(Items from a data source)

-------

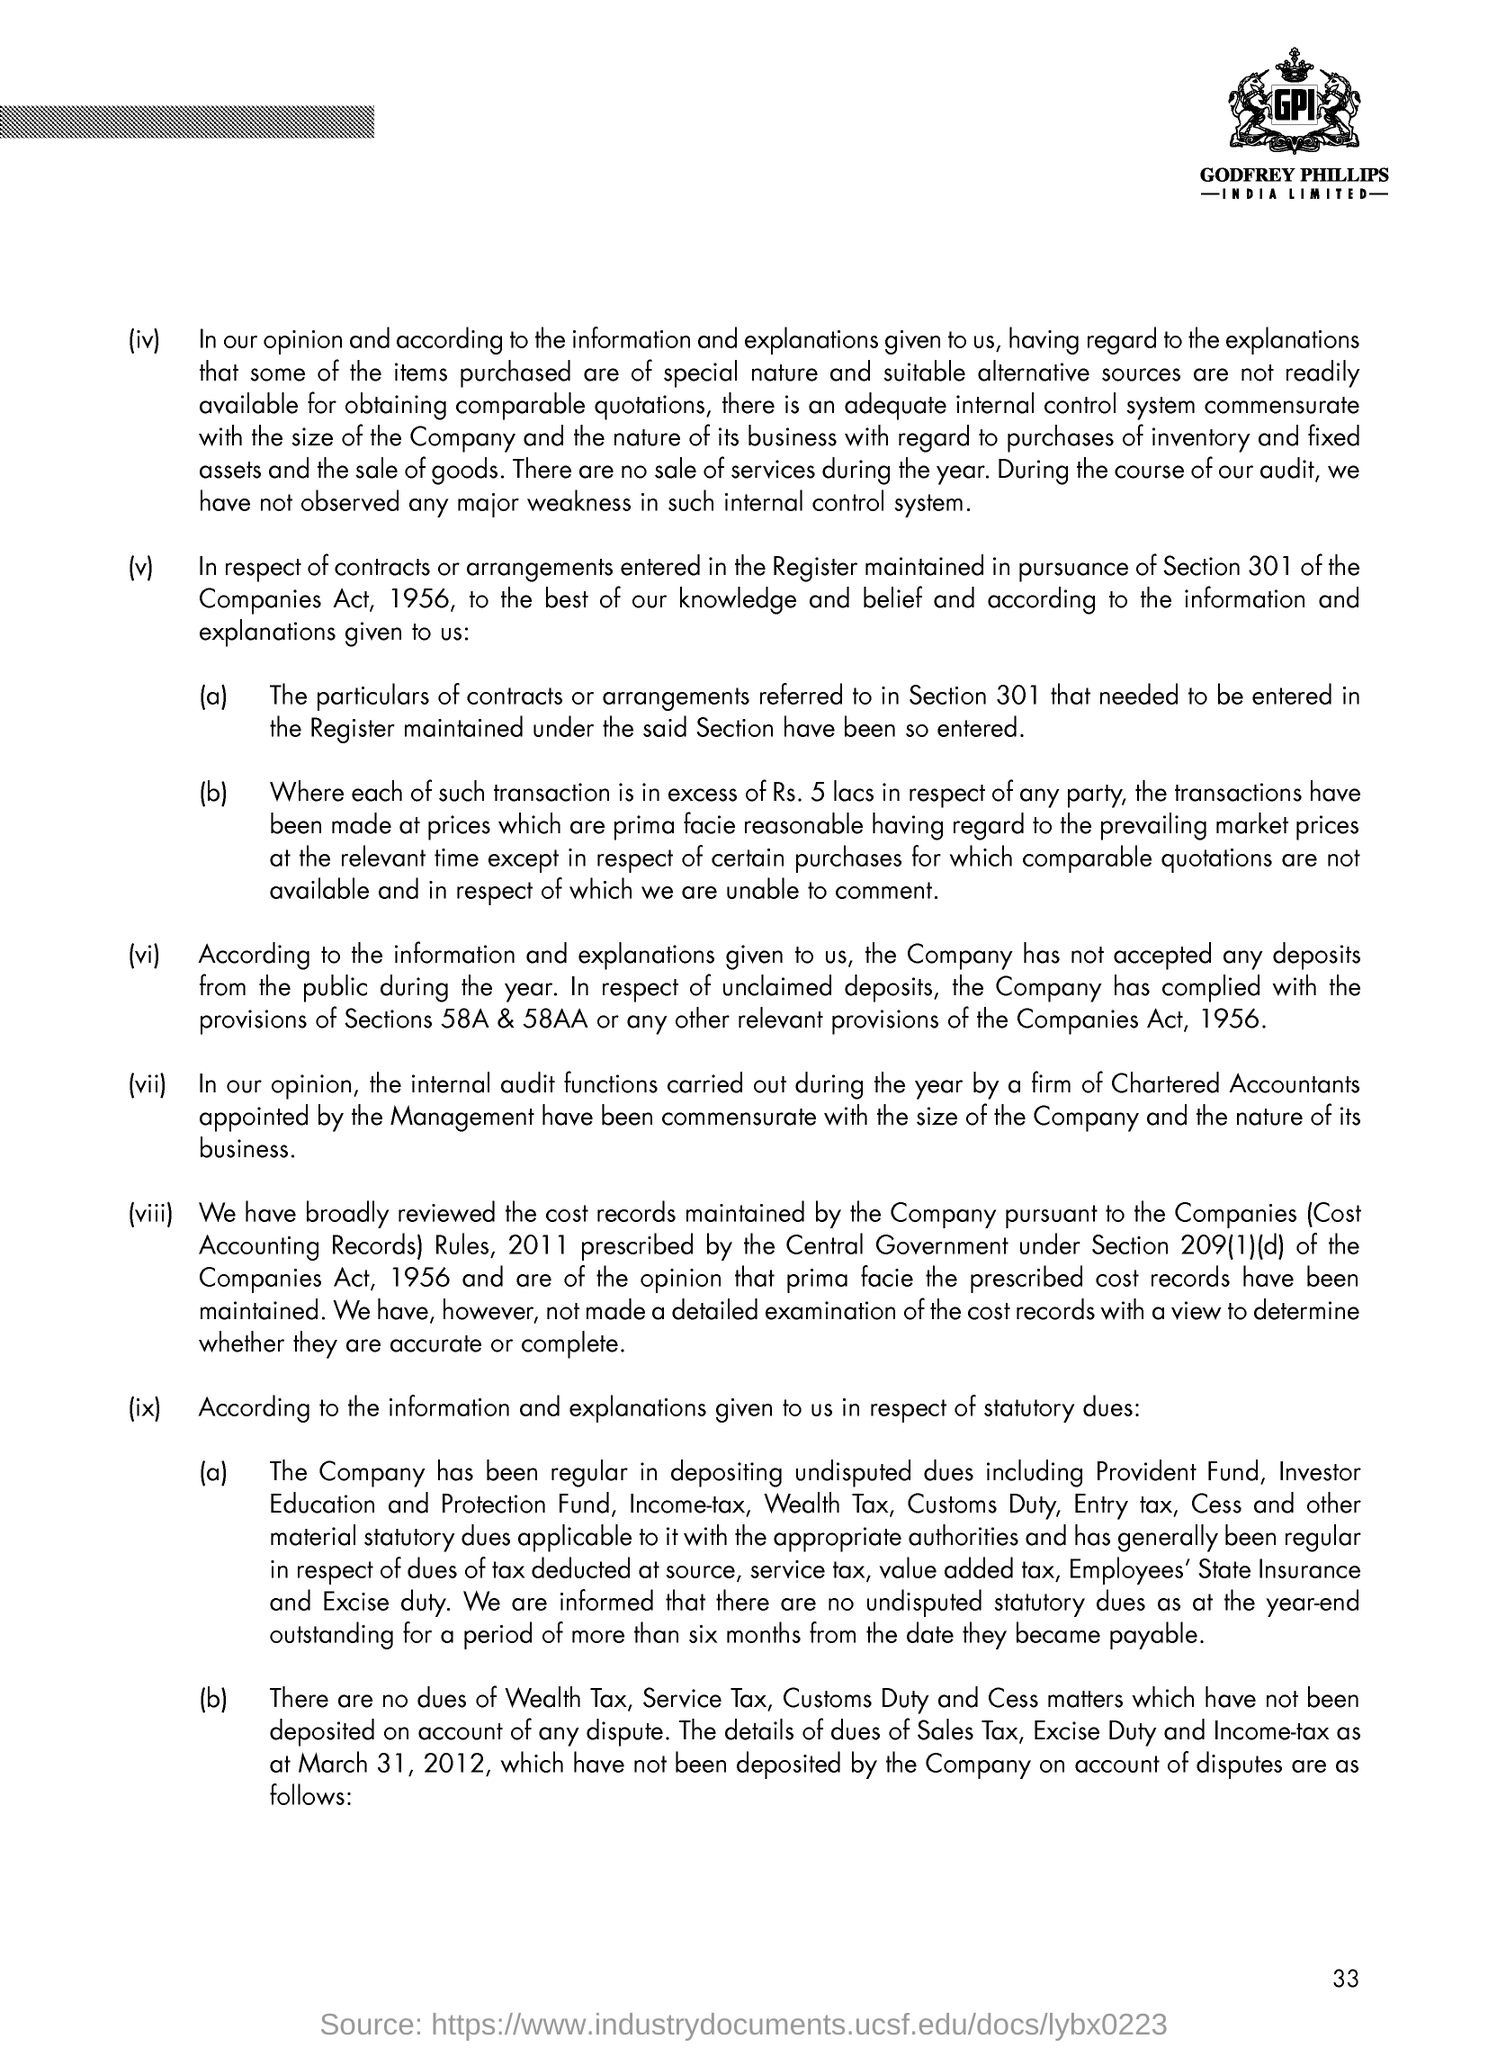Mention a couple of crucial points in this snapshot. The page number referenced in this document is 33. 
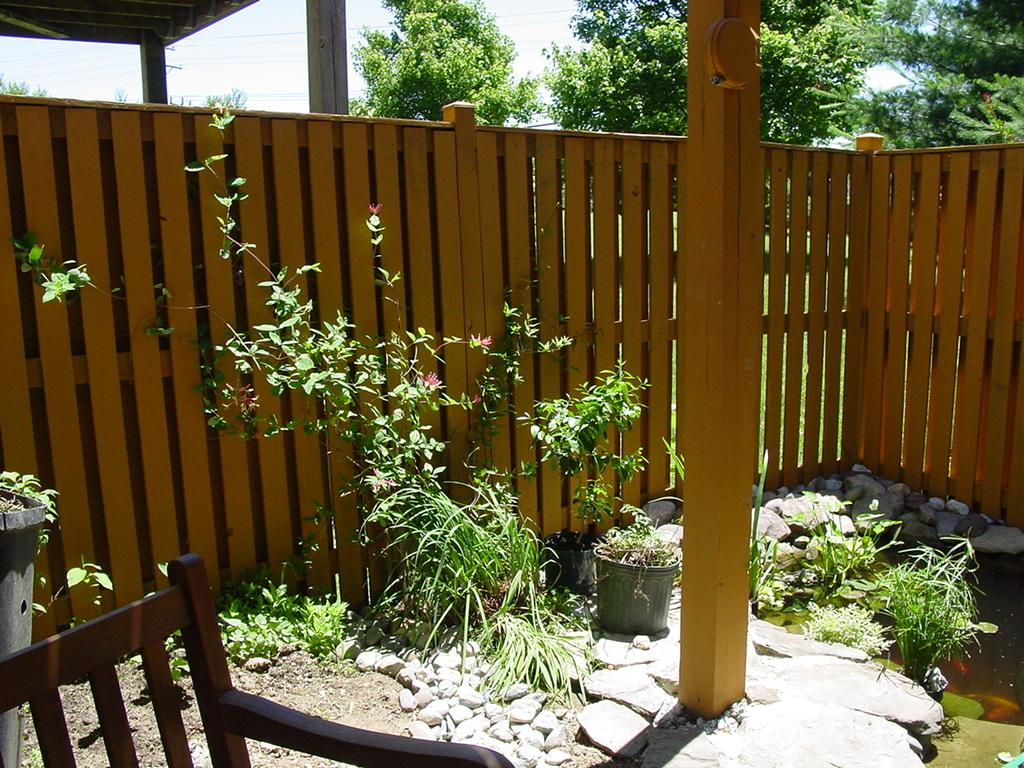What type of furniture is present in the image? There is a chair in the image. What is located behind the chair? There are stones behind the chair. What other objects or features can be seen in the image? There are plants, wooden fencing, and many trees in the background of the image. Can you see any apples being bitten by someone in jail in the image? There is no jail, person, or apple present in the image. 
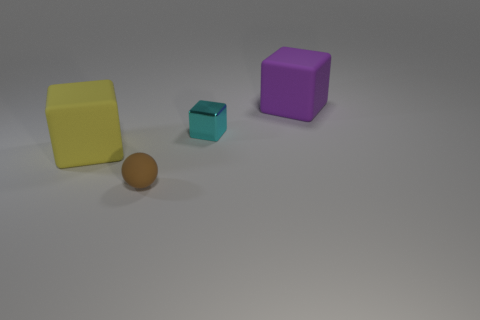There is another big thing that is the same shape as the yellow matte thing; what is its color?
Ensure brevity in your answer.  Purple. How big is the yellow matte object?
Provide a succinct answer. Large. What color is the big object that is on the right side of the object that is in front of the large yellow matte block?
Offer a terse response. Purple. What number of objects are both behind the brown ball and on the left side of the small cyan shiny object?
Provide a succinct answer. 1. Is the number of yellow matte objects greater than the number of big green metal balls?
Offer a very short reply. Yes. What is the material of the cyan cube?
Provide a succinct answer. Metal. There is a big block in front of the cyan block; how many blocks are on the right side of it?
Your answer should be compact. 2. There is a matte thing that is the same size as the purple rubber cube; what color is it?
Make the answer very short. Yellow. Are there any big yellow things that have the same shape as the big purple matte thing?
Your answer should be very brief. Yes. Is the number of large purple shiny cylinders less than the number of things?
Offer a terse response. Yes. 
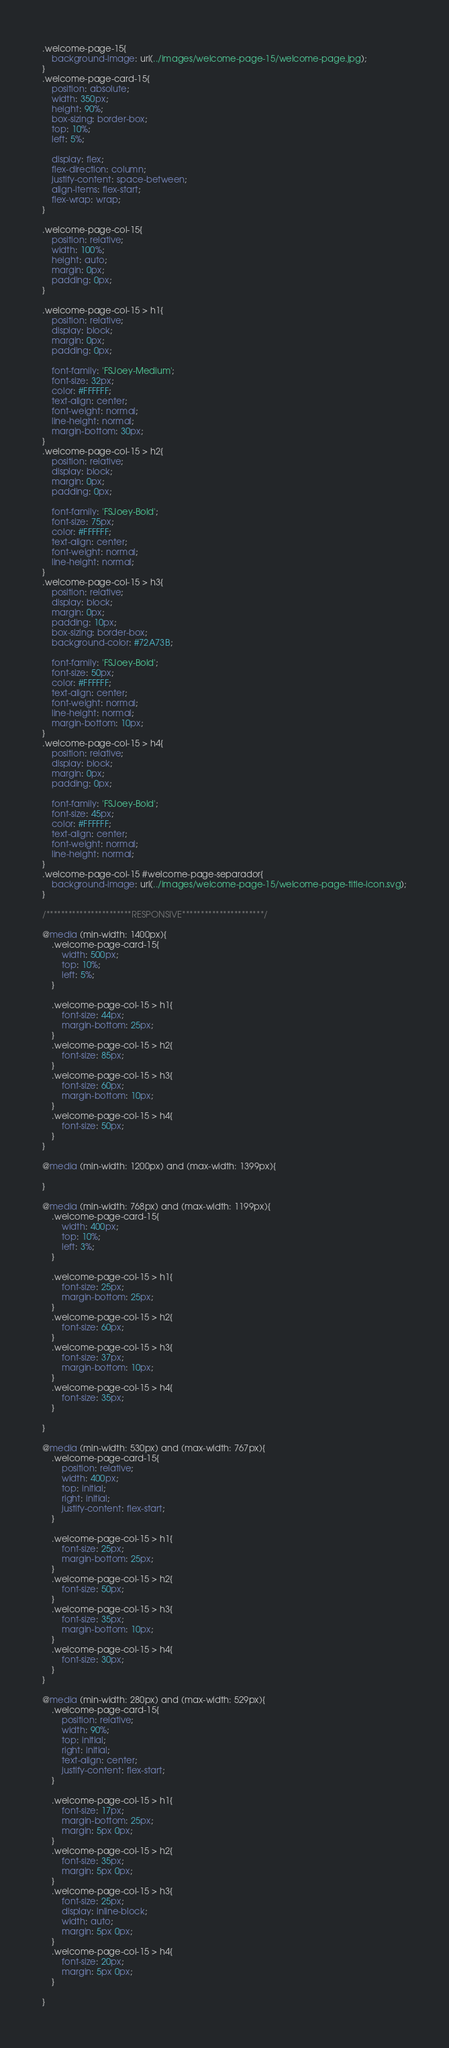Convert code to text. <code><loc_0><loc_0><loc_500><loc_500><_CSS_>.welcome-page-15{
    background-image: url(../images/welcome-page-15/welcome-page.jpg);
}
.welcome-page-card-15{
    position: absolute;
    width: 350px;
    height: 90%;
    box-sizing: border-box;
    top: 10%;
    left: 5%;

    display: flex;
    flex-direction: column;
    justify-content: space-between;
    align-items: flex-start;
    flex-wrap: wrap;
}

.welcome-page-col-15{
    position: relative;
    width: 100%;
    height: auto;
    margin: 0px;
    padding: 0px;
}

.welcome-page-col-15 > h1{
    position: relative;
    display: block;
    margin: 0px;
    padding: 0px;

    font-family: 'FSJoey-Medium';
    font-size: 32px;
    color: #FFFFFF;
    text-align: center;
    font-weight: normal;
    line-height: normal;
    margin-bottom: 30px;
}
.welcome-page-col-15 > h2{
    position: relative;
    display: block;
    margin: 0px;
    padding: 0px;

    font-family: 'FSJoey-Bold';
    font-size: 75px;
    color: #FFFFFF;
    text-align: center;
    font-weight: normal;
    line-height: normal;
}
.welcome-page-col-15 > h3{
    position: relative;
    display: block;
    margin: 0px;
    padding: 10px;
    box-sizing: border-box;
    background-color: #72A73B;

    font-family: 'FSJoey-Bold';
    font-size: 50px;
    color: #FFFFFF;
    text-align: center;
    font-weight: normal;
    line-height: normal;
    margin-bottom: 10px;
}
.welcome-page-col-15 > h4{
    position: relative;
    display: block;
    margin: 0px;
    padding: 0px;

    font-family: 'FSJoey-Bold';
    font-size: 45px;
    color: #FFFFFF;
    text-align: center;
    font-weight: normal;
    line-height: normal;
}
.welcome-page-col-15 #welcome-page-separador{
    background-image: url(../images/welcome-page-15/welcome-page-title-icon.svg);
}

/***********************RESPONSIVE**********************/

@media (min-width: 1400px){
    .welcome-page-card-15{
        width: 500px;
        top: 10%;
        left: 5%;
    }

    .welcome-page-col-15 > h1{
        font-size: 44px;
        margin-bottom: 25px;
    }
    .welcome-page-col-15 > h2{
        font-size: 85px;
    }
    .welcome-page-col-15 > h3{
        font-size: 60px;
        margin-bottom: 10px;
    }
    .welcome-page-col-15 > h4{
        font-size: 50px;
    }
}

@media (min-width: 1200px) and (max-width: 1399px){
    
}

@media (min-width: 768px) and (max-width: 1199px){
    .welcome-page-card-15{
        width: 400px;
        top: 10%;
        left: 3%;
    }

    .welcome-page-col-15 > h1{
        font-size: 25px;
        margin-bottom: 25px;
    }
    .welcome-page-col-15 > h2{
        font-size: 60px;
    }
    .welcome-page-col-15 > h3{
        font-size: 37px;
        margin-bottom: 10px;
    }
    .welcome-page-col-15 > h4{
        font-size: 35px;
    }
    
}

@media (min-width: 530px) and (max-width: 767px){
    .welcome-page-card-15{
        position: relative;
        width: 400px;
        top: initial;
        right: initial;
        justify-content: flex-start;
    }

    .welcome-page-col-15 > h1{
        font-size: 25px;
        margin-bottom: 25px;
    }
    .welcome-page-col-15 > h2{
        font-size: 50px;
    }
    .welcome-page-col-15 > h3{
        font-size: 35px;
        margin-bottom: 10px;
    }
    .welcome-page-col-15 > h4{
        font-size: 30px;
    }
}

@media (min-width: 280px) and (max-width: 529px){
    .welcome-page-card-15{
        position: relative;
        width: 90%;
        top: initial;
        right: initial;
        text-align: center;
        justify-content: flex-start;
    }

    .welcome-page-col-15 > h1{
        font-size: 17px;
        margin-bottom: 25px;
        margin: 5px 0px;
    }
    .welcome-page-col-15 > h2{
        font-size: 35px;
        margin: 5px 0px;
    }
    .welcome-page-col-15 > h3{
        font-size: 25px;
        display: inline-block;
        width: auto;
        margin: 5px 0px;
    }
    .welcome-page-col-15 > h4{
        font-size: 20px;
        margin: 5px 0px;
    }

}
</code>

-------

■ Work required:
Search the records for the word "answer", then list every line that has it.

■ Result:
Ensure brevity in your answer.  Purple. How big is the yellow matte object?
Provide a succinct answer. Large. What color is the big object that is on the right side of the object that is in front of the large yellow matte block?
Provide a succinct answer. 1. Is the number of yellow matte objects greater than the number of big green metal balls?
Provide a succinct answer. Metal. There is a big block in front of the cyan block; how many blocks are on the right side of it?
Your answer should be compact. 2. There is a matte thing that is the same size as the purple rubber cube; what color is it?
Make the answer very short. Yellow. Are there any big yellow things that have the same shape as the big purple matte thing?
Your answer should be very brief. Yes. Is the number of large purple shiny cylinders less than the number of things?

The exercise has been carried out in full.